The intent of these demonstrations is to emphasize the
desirability of doing some "experimental statistics" before
deciding on whether the analysis is best served in log space or
antilog space.  In the case of M6.EVP.003,  it is suggested that a
simple linear model be considered as an alternative to the log-
based model.  The effort required is small enough to be executed
now, and its implications should be kept in mind in any future
modifications of the MOBILE model.
     2.2.3 How About Vehicle Effects?

According to the wording of the report, "a vehicle factor was
included" in the model.  The report goes on to say, "This
effectively fits a different intercept term to each vehicle and
helps produce sharper  [sic] estimates of the  [regression]
coefficients."  No interpretation or measure is given to clarify
what the term "sharper" implies.

Removing vehicle effects is essential in a case like this. In the
development of the Complex Model for Reformulated Gasoline (RFC),
vehicle-to-vehicle differences accounted for some 95% of the
variance of the response variable.  What is lacking in the
present instance is a similar comparison of vehicle effects and
effects induced by other sources. Beyond the above quotation
regarding "a vehicle factor" and an allusion to intercepts, no
further explanation of dealing with that factor is given.  And,
there is no mention of vehicle effects in the computer print-outs
of Tables 2 and 3.

     The "vehicle factor"  that was used in the analysis was the
     prior day's actual RTD emissions  (identified in Appendix A
     as "HC1" and "HC2").  These  "vehicle factors" were used in
     both the previous draft as well as in this final version.

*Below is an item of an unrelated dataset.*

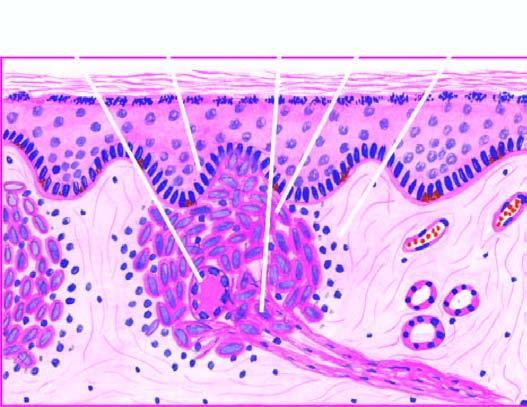s necrosis composed of epithelioid cells with sparse langhans ' giant cells and lymphocytes?
Answer the question using a single word or phrase. No

The conventional way of dealing with extraneous variables like
vehicles is to enter each as a "dummy variable" having two
states, 0 and 1, representing respectively absence or presence of
that vehicle. There is a loss of one degree of freedom for each
vehicle. Vehicle degrees of freedom are not accounted for in the
printouts,  nor is there any data showing the magnitude of the
effects of either individual or aggregated vehicles. The report
needs to be more explicit on this point, not only for the purpose
of quantifying what is meant by "sharper" estimates, but also to
see how vehicle effects compare with DAY effects and other
sources of variance.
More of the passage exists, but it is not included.